Bedivere couldn’t refute him. The younger Varkan did sometimes act like they thought their new human bodies were invulnerable, just as their datacores were. It was a troubling rite of becoming a mature Varkan that most of them went through.

“At least you let him say what he obviously needed to say,” Brant said, his voice smooth and calming. “You gave him the time he needed. Now we must find out what he was trying to warn us about. I’m sure he wouldn’t mind you sharing his personal data with us so that we can work it out.”

“Won’t the pod controls tell you that?” Hoang asked, frowning.

“In conjunction with his personal data we can build a complete picture,” Lilly told him. “Thank you, Mr. Hoang. Yennifer will contact your AIs to collect the data. We appreciate what you did today. If there is any way we can ease your treatment time, do let me or Yennifer know and we will take care of it.” She glanced at Yennifer and the screen blanked out.

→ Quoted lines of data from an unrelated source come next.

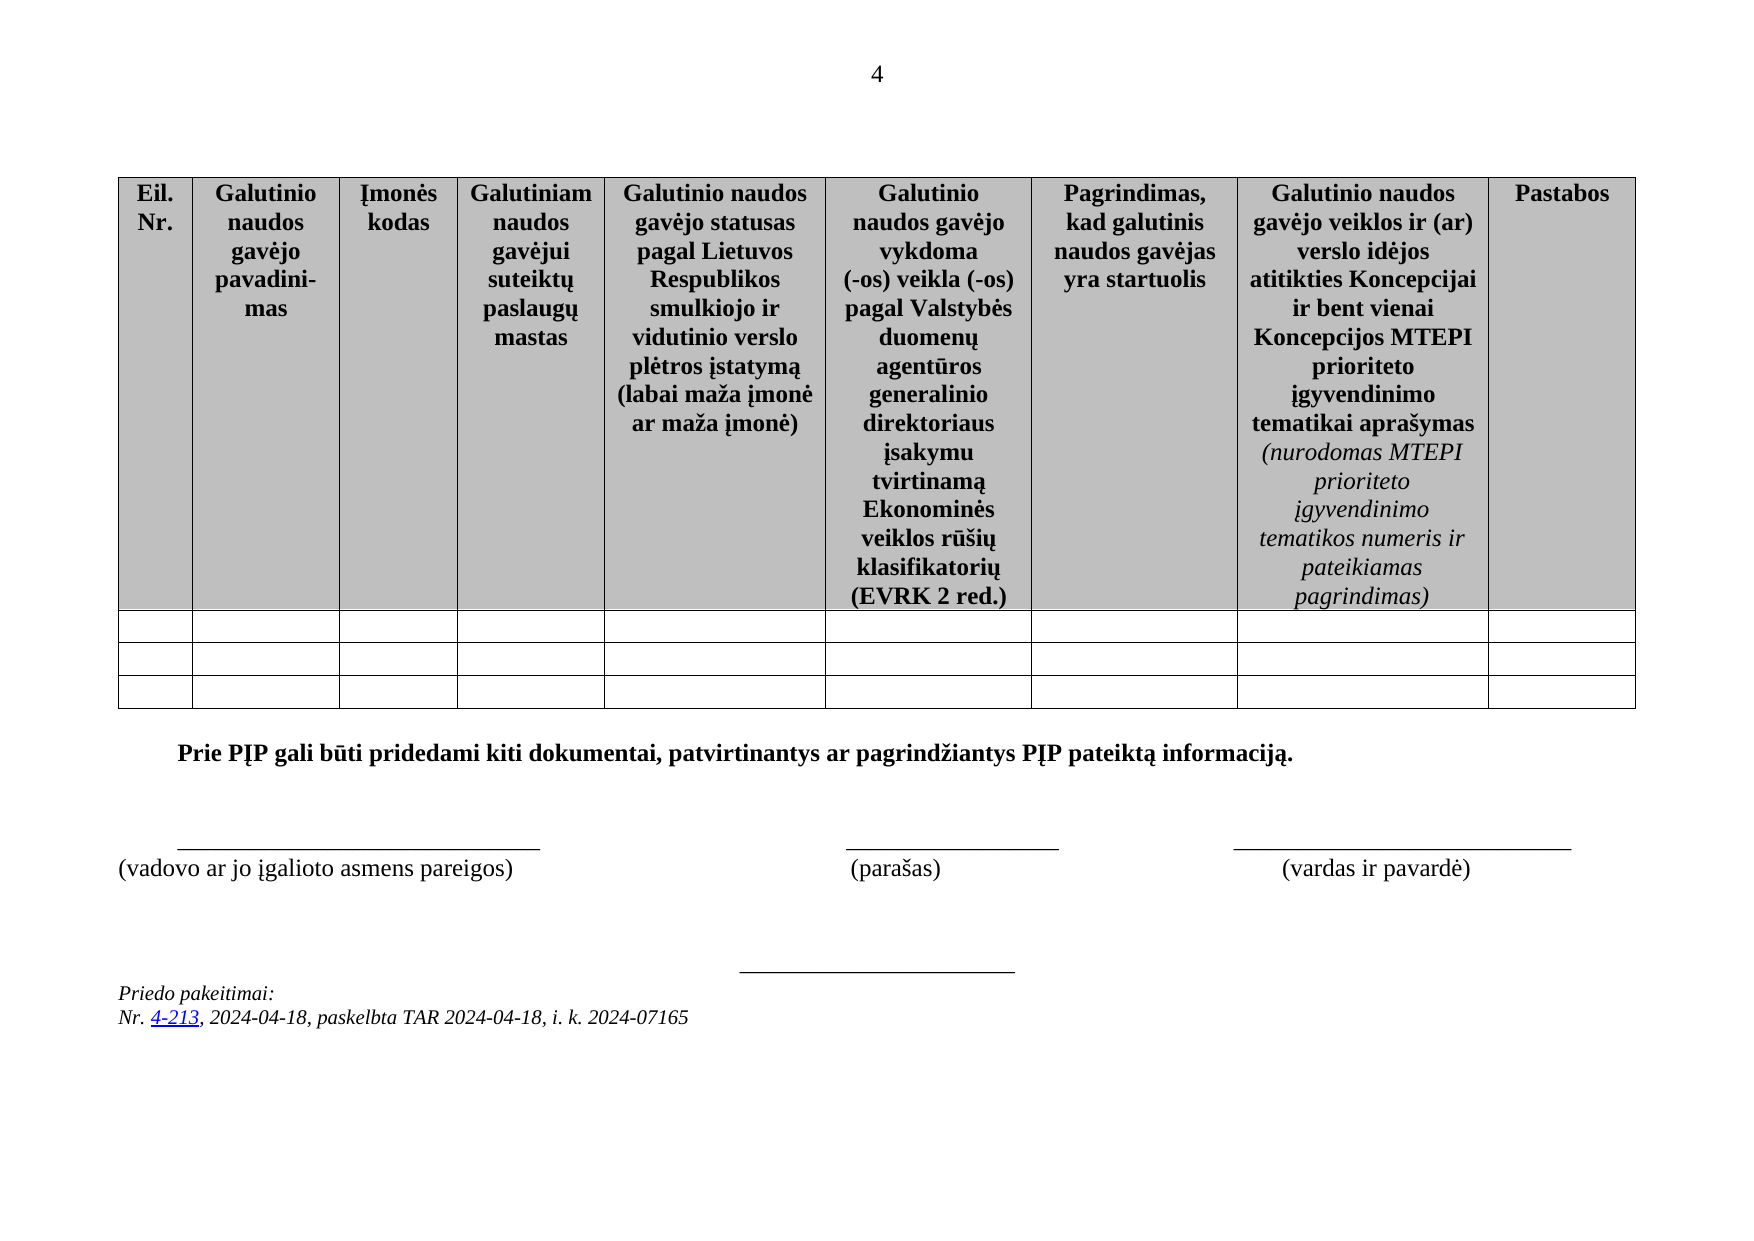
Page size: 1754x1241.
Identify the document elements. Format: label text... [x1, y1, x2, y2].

text ______________________ [118, 947, 1636, 976]
table_header Galutiniam naudos gavėjui suteiktų paslaugų mastas [458, 178, 604, 609]
table_cell [826, 676, 1031, 708]
table_cell [826, 611, 1031, 642]
text Priedo pakeitimai: [118, 981, 1636, 1004]
text _____________________________ _________________ ___________________________ [177, 824, 1636, 853]
table_cell [1238, 611, 1488, 642]
table_cell [458, 611, 604, 642]
table_header Galutinio naudos gavėjo statusas pagal Lietuvos Respublikos smulkiojo ir vidutinio verslo plėtros įstatymą (labai maža įmonė ar maža įmonė) [605, 178, 825, 609]
table_cell [826, 643, 1031, 675]
table_header Galutinio naudos gavėjo veiklos ir (ar) verslo idėjos atitikties Koncepcijai ir bent vienai Koncepcijos MTEPI prioriteto įgyvendinimo tematikai aprašymas (nurodomas MTEPI prioriteto įgyvendinimo tematikos numeris ir pateikiamas pagrindimas) [1238, 178, 1488, 609]
table_cell [458, 643, 604, 675]
table_cell [605, 611, 825, 642]
table_cell [119, 676, 192, 708]
text Prie PĮP gali būti pridedami kiti dokumentai, patvirtinantys ar pagrindžiantys PĮP pateiktą informaciją. [177, 738, 1636, 766]
table_header Pagrindimas, kad galutinis naudos gavėjas yra startuolis [1032, 178, 1237, 609]
table_cell [1489, 676, 1635, 708]
table_cell [193, 643, 339, 675]
table_header Įmonės kodas [340, 178, 457, 609]
table_cell [458, 676, 604, 708]
table_cell [1238, 643, 1488, 675]
table_cell [119, 643, 192, 675]
table_header Pastabos [1489, 178, 1635, 609]
table_cell [1489, 611, 1635, 642]
table_cell [1032, 643, 1237, 675]
table_cell [1032, 676, 1237, 708]
table_cell [193, 676, 339, 708]
table_header Eil. Nr. [119, 178, 192, 609]
table_cell [340, 611, 457, 642]
table_cell [340, 643, 457, 675]
text (vadovo ar jo įgalioto asmens pareigos) (parašas) (vardas ir pavardė) [118, 853, 1636, 881]
table_cell [1489, 643, 1635, 675]
table_cell [193, 611, 339, 642]
table_cell [119, 611, 192, 642]
table_cell [1032, 611, 1237, 642]
table_cell [605, 643, 825, 675]
table_cell [1238, 676, 1488, 708]
table_header Galutinio naudos gavėjo vykdoma (-os) veikla (-os) pagal Valstybės duomenų agentūros generalinio direktoriaus įsakymu tvirtinamą Ekonominės veiklos rūšių klasifikatorių (EVRK 2 red.) [826, 178, 1031, 609]
table_cell [340, 676, 457, 708]
text Nr. 4-213, 2024-04-18, paskelbta TAR 2024-04-18, i. k. 2024-07165 [118, 1004, 1636, 1029]
table_header Galutinio naudos gavėjo pavadini-mas [193, 178, 339, 609]
table_cell [605, 676, 825, 708]

“He’s ethical, which is just what you want in a therapist,” Brant pointed out.

“True,” Lilly murmured.

“I have the data,” Yennifer said. “His AI was very polite.”

“I’m sure,” Brant said with a smile.

Yennifer was sitting on the edge of her chair, her hands in her lap, staring ahead. “Very simple controls. Not even an AI, just advanced computer functions.” She grimaced. “Really, what are they thinking when they head out into space in these things? Perhaps Mr. Hoang was right.”